Fatal Floss: Stitches In Crime - Book 8 Read online




  FATAL FLOSS

  STITCHES IN CRIME - BOOK 8

  ACF BOOKENS

  CONTENTS

  Chapter 1

  Chapter 2

  Chapter 3

  Chapter 4

  Chapter 5

  Chapter 6

  Chapter 7

  Chapter 8

  Chapter 9

  Chapter 10

  Chapter 11

  Chapter 12

  Chapter 13

  Chapter 14

  Chapter 15

  A FREE cozy set in San Francisco

  About the Author

  Also by ACF Bookens

  1

  I tightened the last bolt on our solar chicken door and sat back to look at my work. It was a little crooked and I could see daylight on one side, but it worked. It would keep out predators. “Good enough for a Sutton,” I said to my four-year-old son Sawyer next to me. “Want to try it out?”

  Given Sawyer’s level of excitement, I might have just asked him if he wanted to get a puppy, which I was definitely not asking. Fifteen new chicks were enough tiny animals for this single mom.

  Saw jumped up and slapped his still-chubby fingers over the solar gauge, then pumped his fist in the air when the door slid shut. “We did it!” he shouted. “You are a genius, Mom.”

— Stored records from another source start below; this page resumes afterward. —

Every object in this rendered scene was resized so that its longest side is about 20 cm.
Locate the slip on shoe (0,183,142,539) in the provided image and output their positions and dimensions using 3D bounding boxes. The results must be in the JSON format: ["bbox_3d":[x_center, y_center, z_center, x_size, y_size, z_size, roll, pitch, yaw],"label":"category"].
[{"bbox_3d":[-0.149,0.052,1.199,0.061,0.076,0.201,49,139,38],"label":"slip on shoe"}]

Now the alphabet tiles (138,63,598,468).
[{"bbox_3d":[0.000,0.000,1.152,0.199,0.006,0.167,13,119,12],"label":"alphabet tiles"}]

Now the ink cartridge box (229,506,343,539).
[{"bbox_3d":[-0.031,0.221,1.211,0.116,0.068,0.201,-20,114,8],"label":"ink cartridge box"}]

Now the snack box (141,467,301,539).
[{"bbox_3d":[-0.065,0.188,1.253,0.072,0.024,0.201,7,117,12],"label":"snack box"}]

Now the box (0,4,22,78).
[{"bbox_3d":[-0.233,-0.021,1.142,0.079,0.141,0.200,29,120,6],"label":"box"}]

  I smiled. I’d started saying that when I successfully constructed his wooden train set without any extraneous pieces, and he’d quickly picked up on the saying… not that I discouraged him.

  “We are both geniuses,” I said. “We make a good team.” I put my hand out for him to give me a high five. “Now, are you ready to go get our chicks?”

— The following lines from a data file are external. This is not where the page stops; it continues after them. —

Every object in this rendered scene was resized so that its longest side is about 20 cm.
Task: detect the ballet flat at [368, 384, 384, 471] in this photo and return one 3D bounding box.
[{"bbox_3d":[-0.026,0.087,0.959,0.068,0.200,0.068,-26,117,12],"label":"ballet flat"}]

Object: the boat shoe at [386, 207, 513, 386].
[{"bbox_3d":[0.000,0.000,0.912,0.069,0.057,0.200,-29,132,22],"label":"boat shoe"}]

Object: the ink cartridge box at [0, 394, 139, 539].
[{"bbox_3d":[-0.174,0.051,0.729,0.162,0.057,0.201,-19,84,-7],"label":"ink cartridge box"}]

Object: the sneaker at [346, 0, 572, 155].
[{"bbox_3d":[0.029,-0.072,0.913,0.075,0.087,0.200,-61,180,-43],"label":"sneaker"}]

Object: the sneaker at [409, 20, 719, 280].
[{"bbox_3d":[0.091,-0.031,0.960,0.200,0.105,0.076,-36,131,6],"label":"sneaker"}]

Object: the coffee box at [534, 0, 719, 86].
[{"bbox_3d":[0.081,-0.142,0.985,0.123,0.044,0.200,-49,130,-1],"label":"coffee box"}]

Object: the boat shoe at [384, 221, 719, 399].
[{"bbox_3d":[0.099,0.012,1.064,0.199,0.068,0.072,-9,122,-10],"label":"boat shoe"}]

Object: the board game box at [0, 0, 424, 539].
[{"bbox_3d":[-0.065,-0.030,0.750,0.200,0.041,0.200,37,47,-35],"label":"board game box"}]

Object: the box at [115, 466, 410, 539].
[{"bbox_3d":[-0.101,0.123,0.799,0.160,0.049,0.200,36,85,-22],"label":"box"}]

  It was early September, and I’d let Sawyer stay home from preschool today just so that we could go to the post office together to pick up our new baby birds. I’d ordered chicks from a hatchery and received them in the mail several times, but it never failed to amaze me that living creatures were shipped like dog treats. Even so, the chicks from this hatchery were almost always quite healthy and quite loud when they arrived.

  That loudness was the reason Saw and I got up extra early and got the coop door installed. We wanted to be able to go get the birds as soon as we got the call from the post office, and that call had come in ten minutes ago. I didn’t want to make the postal workers have to put up with fifteen tiny peeping voices for any longer than necessary.

  “Yes,” Sawyer said and bolted for the car. Then, he paused and looked back, shouting “We’re not taking Beauregard, right?”

  I shook my head vigorously. Definitely not. Our Maine Coon cat Beau was typically very laid-back, if slightly crochety, but even his apathy and laziness might be disrupted by the sight of -day-old chicks. “No, baby birds and kitties don’t mix,” I said.

  It was going to be a chicken-filled day. After we brought our babies back and installed them in the brooder we’d made from a tote, we were going over to our neighbor Jackie’s house to take down her old chicken coop. She’d never used it, and lately raccoons had been taking up residence in the building. I had told her that I could probably use the wood in my architectural salvage business, and she’d offered to give it to me if I took down the building. I was happy to trade labor for product most days, but especially when it was a kindness for a neighbor.

  Given that the building was pretty small, I thought Sawyer and I could probably handle it by ourselves. And I’d told Saw that he could have some of the wood to build something of his own to sell in the shop. The boy was surprisingly good with a hammer, and even if whatever he made came out really wonky, I knew two grandparents who would proudly make the purchase for their own home.

  The chicks were as loud as expected when we got to the post office, and Sawyer spent the whole ride back to our house talking to them and imitating their peeps at ever louder volume. By the time we got them out of the box, had dipped their beaks into the water to teach them to drink, introduced them to the food, and checked the temperature under the heat lamp, I was ready for the alternative noise of hammers and crowbars.

  We walked over to Jackie’s house, and as we strolled down her long drive, I looked at the small white house that sat facing the back of mine on the small hill across the ravine created by the train tracks. On the historic map of the area, that white house was here early, as early as 1838, and I enjoyed looking at it and thinking about the farmer that lived there. Maybe a bachelor. Maybe a young couple.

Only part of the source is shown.